Principal photography began in November 2016 in the United Kingdom; it is one of the few productions in recent decades to have used 65 mm film cameras. Murder on the Orient Express had its world premiere on November 2, 2017 at the Royal Albert Hall in London, and was released theatrically in the United Kingdom on November 3, 2017, and in the United States on November 10, 2017, by 20th Century Fox. The film grossed over $351 million worldwide and received mixed reviews from critics, with praise for the performances of the cast and production values, but some criticism for the screenplay and for not adding anything new to previous adaptations. A sequel titled Death on the Nile was released in 2022.

Plot
In 1934, famous Belgian detective Hercule Poirot solves a theft at the Church of the Holy Sepulchre in Jerusalem. The obsessive-compulsive—who seeks balance in life, and considers his case-solving ability to see a lie amid truth to be a curse — wants to rest in Istanbul, but must return to London for another case. His friend Bouc, director of the Simplon-route Orient Express service, arranges a bunk for him aboard the train. The other passengers include: American widow Caroline Hubbard, American businessman Edward Ratchett, with his English manservant Edward Masterman and secretary/translator Hector MacQueen; elderly Russian Princess Natalia Dragomiroff and her German maid Hildegarde Schmidt; Hungarian diplomat Count Rudolf Andrenyi and his wife Elena; physician John Arbuthnot; Mary Debenham, a governess; Pilar Estravados, a Spanish missionary; Cuban-American car salesman Biniamino Marquez; and Gerhard Hardman, an Austrian university professor.

Ratchett offers to hire Poirot as his bodyguard during the three-day journey, having received threatening letters from an unknown party, but Poirot refuses. That night, Poirot hears strange noises coming from Ratchett's compartment, and later sees someone in a red kimono running down the hallway. An avalanche derails the train's engine, stranding the passengers.

The next morning, Poirot discovers Ratchett was murdered during the night after having been stabbed a dozen times. Poirot and Bouc investigate the other passengers as repairs begin. Evidence indicates that Ratchett was murdered by one person, and Mrs Hubbard claims that a man had been in her compartment in the night. Poirot discovers a partially burned note connecting Ratchett to the kidnapping of Daisy Armstrong, a child who was abducted from her bedroom and held for ransom. Though the family paid the ransom, Daisy was murdered nonetheless. Ratchett's true identity is revealed: he was John Cassetti, Daisy's kidnapper and murderer. The shock of her death caused her mother, Sonia, to die after giving premature birth to a stillborn baby; her father, Colonel John Armstrong, then attempted suicide. The family's nursemaid Susanne was wrongly suspected of complicity, leading to her being arrested and subsequent suicide in police custody, only to be posthumously exonerated.

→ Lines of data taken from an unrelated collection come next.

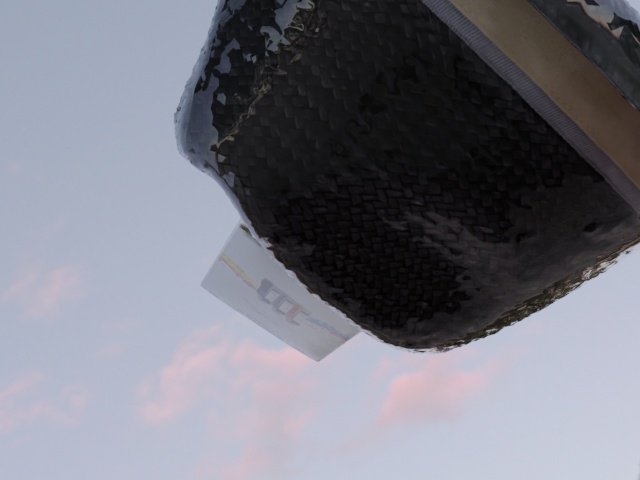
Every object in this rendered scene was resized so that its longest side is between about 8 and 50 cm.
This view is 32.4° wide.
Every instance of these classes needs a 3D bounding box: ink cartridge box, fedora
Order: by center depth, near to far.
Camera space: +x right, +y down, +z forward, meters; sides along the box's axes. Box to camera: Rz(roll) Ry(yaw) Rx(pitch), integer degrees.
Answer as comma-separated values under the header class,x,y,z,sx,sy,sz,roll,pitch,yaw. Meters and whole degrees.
class,x,y,z,sx,sy,sz,roll,pitch,yaw
fedora,0.044,-0.049,0.466,0.152,0.334,0.334,-47,-44,11
ink cartridge box,0.000,0.000,0.887,0.128,0.127,0.176,-58,5,-23

More evidence is found, including a bloodstained handkerchief, and, in Mrs Hubbard's compartment, the button of a conductor's uniform. The uniform is later found, as is the red kimono — in Poirot's own suitcase. Hubbard is suddenly stabbed, non-fatally, in the back but cannot identify the culprit. Poirot discovers many of the passengers have direct connections to the Armstrong family and uncovers their hidden pasts. While interviewing Debenham, Poirot is shot in the shoulder by Dr Arbuthnot, who claims responsibility for the murder, but Bouc stops him from killing Poirot. Poirot realises that Arbuthnot, a former army sniper, never meant to kill him.

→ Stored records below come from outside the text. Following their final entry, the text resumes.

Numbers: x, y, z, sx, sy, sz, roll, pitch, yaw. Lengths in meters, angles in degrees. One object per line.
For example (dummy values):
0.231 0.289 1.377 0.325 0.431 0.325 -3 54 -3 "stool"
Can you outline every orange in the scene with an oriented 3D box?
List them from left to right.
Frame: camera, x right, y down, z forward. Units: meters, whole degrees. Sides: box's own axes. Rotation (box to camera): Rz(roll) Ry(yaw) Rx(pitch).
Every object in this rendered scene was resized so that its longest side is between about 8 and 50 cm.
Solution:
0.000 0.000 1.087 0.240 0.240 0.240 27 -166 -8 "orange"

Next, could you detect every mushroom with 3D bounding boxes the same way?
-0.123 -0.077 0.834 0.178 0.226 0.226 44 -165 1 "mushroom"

Poirot confronts the suspects outside the train, offering two theories of how Cassetti died. The first is simple but does not meet all of the facts: a murderer disguised as a conductor boarded the train at a previous stop, murdered Cassetti, then fled at the stop as the train left. The second is more complex: with every suspect connected to the Armstrongs, Susanne, or her trial in some way, they all had a motive against Cassetti:
MacQueen's father was the district attorney for the kidnapping case, who was pressured into prosecuting Susanne and sending her to prison, only for his career to be destroyed when the truth was discovered after her suicide
Masterman, who is terminally ill, was Colonel Armstrong's batman during the war, and later his valet, who also acted as butler to the Armstrong household
Dr Arbuthnot was Colonel Armstrong's comrade and best friend
Countess Andrenyi (née Goldenberg and real name Helena) was Sonia Armstrong's sister and Daisy's aunt
Count Andrenyi was Sonia's brother-in-law
Princess Dragomiroff was Daisey's godmother, and a friend of her grandmother
Ms Debenham was Sonia's secretary and Daisy's governess
Schmidt was the Armstrong family's cook
Marquez was the Armstrong family's chauffeur
Estravados was Daisy's nurse
Hardman, whose real name is Cyrus and is American, was a former policeman in love with Susanne
Pierre Michel, the train's conductor, was Susanne's brother
Hubbard is revealed to be Linda Arden, a former stage actress and aspiring director, as well as Sonia's mother and Daisy's grandmother.
Poirot predicts that they acted together, which Hubbard confirms, admitting that she planned the murder and had recruited everyone else to help her. All the other passengers and Michel took turns stabbing Cassetti. Debenham wore the kimono, and Arbuthnot stabbed Hubbard without endangering her life, to convince Poirot of a lone killer. Poirot challenges the passengers and Michel to shoot him with a confiscated gun to prevent him from exposing their plot; Bouc can lie, but Poirot, obsessed with truth and balance, cannot. Hubbard grabs the gun and attempts suicide, but it is empty; Poirot wanted to see how the suspects would react.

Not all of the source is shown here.